SECTION 8.(a) Chapter 17A of the General Statutes is amended by adding a new section to read:

17A-10. Development of law enforcement early warning system.

(a) Every agency in the State that employs personnel certified by the North Carolina Criminal Justice Education and Training Standards Commission or the North Carolina Sheriffs’ Education and Training Standards Commission shall develop and implement an early warning system to document and track the actions and behaviors of law enforcement officers for the purpose of intervening and improving performance. The early warning system required by this section shall include information, at a minimum, regarding the following:

(1) Instances of the discharge of a firearm.

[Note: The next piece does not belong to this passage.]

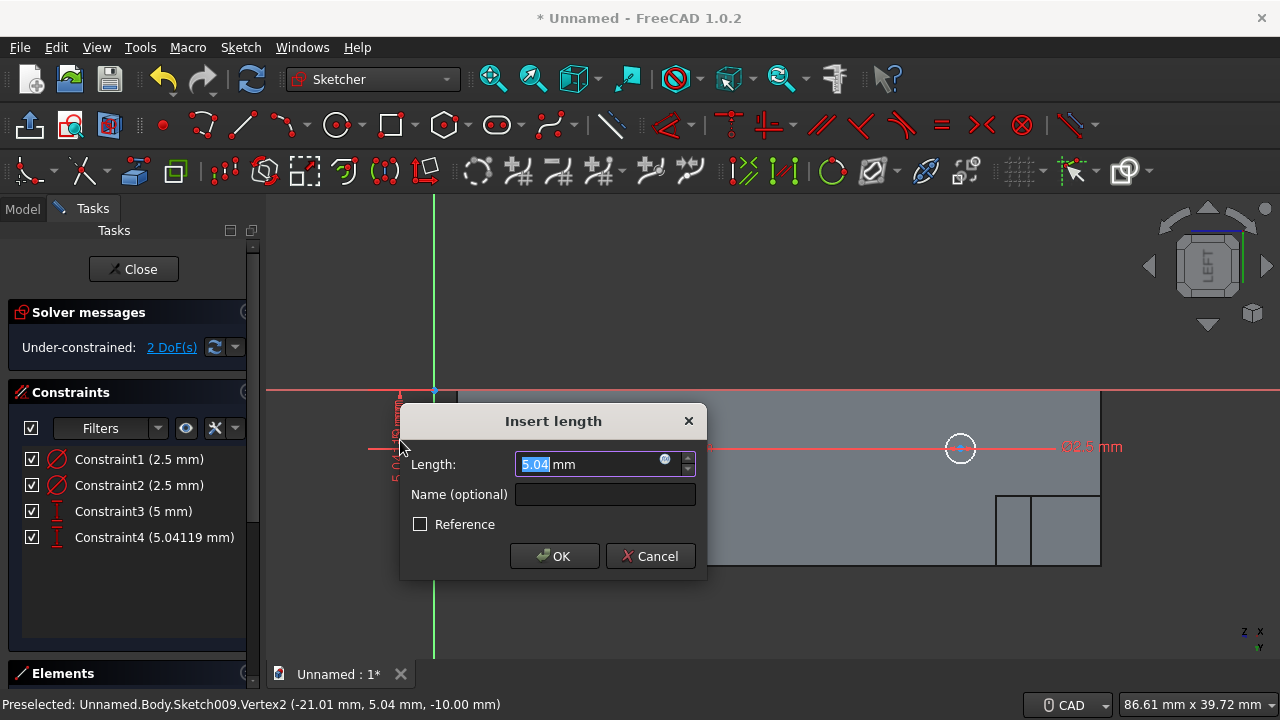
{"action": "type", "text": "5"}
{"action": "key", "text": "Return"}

(2) Instances of use of force.

(3) Vehicle collisions.

(4) Citizen complaints.

(b) Information collected under this section that is confidential under State or federal law shall remain confidential.

(c) For purposes of this section, “law enforcement officer” means any sworn law enforcement officers with the power of arrest, both State and local.”

SECTION 8.(b) This section becomes effective December 1, 2021, and applies to actions and behaviors on or after that date.

Some provisions of the bill likely need to be interpreted with some common sense. For example, the requirement that agencies track “[i]ncidents of the discharge of a firearm” should not be read to mean that every time an officer goes to the firing range to qualify with his or her service weapon, that needs to be recorded in the early warning system.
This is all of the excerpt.